Start of Data provided

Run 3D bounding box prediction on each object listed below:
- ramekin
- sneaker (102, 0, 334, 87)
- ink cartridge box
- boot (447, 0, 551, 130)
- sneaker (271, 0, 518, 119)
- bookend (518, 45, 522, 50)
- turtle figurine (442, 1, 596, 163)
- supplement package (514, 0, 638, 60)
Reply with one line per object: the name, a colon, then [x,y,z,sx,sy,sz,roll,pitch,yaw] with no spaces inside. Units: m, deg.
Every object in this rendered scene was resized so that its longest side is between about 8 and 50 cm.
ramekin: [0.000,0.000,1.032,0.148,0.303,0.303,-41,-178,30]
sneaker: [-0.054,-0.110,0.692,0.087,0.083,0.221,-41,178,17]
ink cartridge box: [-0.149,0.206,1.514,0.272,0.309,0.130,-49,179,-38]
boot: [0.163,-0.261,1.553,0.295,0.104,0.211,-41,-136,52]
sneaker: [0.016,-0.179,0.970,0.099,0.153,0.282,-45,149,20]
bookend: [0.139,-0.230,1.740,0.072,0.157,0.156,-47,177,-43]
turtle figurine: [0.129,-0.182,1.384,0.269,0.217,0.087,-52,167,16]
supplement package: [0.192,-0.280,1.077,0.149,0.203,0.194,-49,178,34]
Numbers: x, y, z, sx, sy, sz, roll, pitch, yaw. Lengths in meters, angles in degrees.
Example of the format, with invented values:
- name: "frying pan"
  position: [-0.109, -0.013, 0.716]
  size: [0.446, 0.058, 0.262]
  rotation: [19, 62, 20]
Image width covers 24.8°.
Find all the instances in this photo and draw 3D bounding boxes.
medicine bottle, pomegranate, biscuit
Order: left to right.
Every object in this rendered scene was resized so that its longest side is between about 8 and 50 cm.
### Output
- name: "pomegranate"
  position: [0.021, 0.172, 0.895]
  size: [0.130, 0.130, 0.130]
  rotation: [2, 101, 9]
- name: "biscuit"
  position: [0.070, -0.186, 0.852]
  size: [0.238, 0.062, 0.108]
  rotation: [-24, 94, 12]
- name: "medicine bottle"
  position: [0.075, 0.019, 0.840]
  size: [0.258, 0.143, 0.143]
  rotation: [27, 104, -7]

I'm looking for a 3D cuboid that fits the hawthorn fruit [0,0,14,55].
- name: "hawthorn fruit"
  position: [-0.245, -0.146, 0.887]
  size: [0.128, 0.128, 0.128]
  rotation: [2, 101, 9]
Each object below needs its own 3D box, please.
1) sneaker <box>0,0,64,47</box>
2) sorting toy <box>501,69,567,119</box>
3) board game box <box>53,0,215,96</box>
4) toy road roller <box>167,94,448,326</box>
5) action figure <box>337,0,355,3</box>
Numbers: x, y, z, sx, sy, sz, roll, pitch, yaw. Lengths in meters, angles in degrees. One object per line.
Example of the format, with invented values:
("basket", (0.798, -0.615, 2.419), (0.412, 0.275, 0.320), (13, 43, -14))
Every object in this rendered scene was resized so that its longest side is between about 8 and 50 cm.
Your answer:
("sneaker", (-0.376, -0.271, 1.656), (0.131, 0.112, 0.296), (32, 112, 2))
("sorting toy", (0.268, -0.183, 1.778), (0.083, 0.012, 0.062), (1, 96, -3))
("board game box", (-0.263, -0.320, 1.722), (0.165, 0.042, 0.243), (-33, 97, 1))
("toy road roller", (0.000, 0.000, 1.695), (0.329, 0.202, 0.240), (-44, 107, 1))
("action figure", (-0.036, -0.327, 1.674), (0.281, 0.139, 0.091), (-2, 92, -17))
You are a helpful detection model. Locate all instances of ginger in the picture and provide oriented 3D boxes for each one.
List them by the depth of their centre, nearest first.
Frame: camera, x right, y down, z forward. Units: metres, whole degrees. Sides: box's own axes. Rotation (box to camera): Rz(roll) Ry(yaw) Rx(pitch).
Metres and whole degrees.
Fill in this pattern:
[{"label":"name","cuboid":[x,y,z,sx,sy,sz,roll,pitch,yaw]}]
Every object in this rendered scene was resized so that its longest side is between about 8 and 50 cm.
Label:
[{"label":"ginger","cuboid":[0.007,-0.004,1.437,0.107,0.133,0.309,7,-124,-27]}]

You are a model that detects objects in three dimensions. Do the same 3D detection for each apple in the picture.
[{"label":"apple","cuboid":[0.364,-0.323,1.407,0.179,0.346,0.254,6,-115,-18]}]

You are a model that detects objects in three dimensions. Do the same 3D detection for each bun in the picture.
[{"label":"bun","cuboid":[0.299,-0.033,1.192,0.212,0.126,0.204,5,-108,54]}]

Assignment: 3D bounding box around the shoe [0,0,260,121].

End of Data provided

Your task:
Reproduce all of the data exactly as given.

Exercise output:
Run 3D bounding box prediction on each object listed below:
- ramekin
- sneaker (102, 0, 334, 87)
- ink cartridge box
- boot (447, 0, 551, 130)
- sneaker (271, 0, 518, 119)
- bookend (518, 45, 522, 50)
- turtle figurine (442, 1, 596, 163)
- supplement package (514, 0, 638, 60)
Reply with one line per object: the name, a colon, then [x,y,z,sx,sy,sz,roll,pitch,yaw] with no spaces inside. Units: m, deg.
Every object in this rendered scene was resized so that its longest side is between about 8 and 50 cm.
ramekin: [0.000,0.000,1.032,0.148,0.303,0.303,-41,-178,30]
sneaker: [-0.054,-0.110,0.692,0.087,0.083,0.221,-41,178,17]
ink cartridge box: [-0.149,0.206,1.514,0.272,0.309,0.130,-49,179,-38]
boot: [0.163,-0.261,1.553,0.295,0.104,0.211,-41,-136,52]
sneaker: [0.016,-0.179,0.970,0.099,0.153,0.282,-45,149,20]
bookend: [0.139,-0.230,1.740,0.072,0.157,0.156,-47,177,-43]
turtle figurine: [0.129,-0.182,1.384,0.269,0.217,0.087,-52,167,16]
supplement package: [0.192,-0.280,1.077,0.149,0.203,0.194,-49,178,34]
Numbers: x, y, z, sx, sy, sz, roll, pitch, yaw. Lengths in meters, angles in degrees.
Example of the format, with invented values:
- name: "frying pan"
  position: [-0.109, -0.013, 0.716]
  size: [0.446, 0.058, 0.262]
  rotation: [19, 62, 20]
Image width covers 24.8°.
Find all the instances in this photo and draw 3D bounding boxes.
medicine bottle, pomegranate, biscuit
Order: left to right.
Every object in this rendered scene was resized so that its longest side is between about 8 and 50 cm.
### Output
- name: "pomegranate"
  position: [0.021, 0.172, 0.895]
  size: [0.130, 0.130, 0.130]
  rotation: [2, 101, 9]
- name: "biscuit"
  position: [0.070, -0.186, 0.852]
  size: [0.238, 0.062, 0.108]
  rotation: [-24, 94, 12]
- name: "medicine bottle"
  position: [0.075, 0.019, 0.840]
  size: [0.258, 0.143, 0.143]
  rotation: [27, 104, -7]

I'm looking for a 3D cuboid that fits the hawthorn fruit [0,0,14,55].
- name: "hawthorn fruit"
  position: [-0.245, -0.146, 0.887]
  size: [0.128, 0.128, 0.128]
  rotation: [2, 101, 9]
Each object below needs its own 3D box, please.
1) sneaker <box>0,0,64,47</box>
2) sorting toy <box>501,69,567,119</box>
3) board game box <box>53,0,215,96</box>
4) toy road roller <box>167,94,448,326</box>
5) action figure <box>337,0,355,3</box>
Numbers: x, y, z, sx, sy, sz, roll, pitch, yaw. Lengths in meters, angles in degrees. One object per line.
Example of the format, with invented values:
("basket", (0.798, -0.615, 2.419), (0.412, 0.275, 0.320), (13, 43, -14))
Every object in this rendered scene was resized so that its longest side is between about 8 and 50 cm.
Your answer:
("sneaker", (-0.376, -0.271, 1.656), (0.131, 0.112, 0.296), (32, 112, 2))
("sorting toy", (0.268, -0.183, 1.778), (0.083, 0.012, 0.062), (1, 96, -3))
("board game box", (-0.263, -0.320, 1.722), (0.165, 0.042, 0.243), (-33, 97, 1))
("toy road roller", (0.000, 0.000, 1.695), (0.329, 0.202, 0.240), (-44, 107, 1))
("action figure", (-0.036, -0.327, 1.674), (0.281, 0.139, 0.091), (-2, 92, -17))
You are a helpful detection model. Locate all instances of ginger in the picture and provide oriented 3D boxes for each one.
List them by the depth of their centre, nearest first.
Frame: camera, x right, y down, z forward. Units: metres, whole degrees. Sides: box's own axes. Rotation (box to camera): Rz(roll) Ry(yaw) Rx(pitch).
Metres and whole degrees.
Fill in this pattern:
[{"label":"name","cuboid":[x,y,z,sx,sy,sz,roll,pitch,yaw]}]
Every object in this rendered scene was resized so that its longest side is between about 8 and 50 cm.
Label:
[{"label":"ginger","cuboid":[0.007,-0.004,1.437,0.107,0.133,0.309,7,-124,-27]}]

You are a model that detects objects in three dimensions. Do the same 3D detection for each apple in the picture.
[{"label":"apple","cuboid":[0.364,-0.323,1.407,0.179,0.346,0.254,6,-115,-18]}]

You are a model that detects objects in three dimensions. Do the same 3D detection for each bun in the picture.
[{"label":"bun","cuboid":[0.299,-0.033,1.192,0.212,0.126,0.204,5,-108,54]}]

Assignment: 3D bounding box around the shoe [0,0,260,121].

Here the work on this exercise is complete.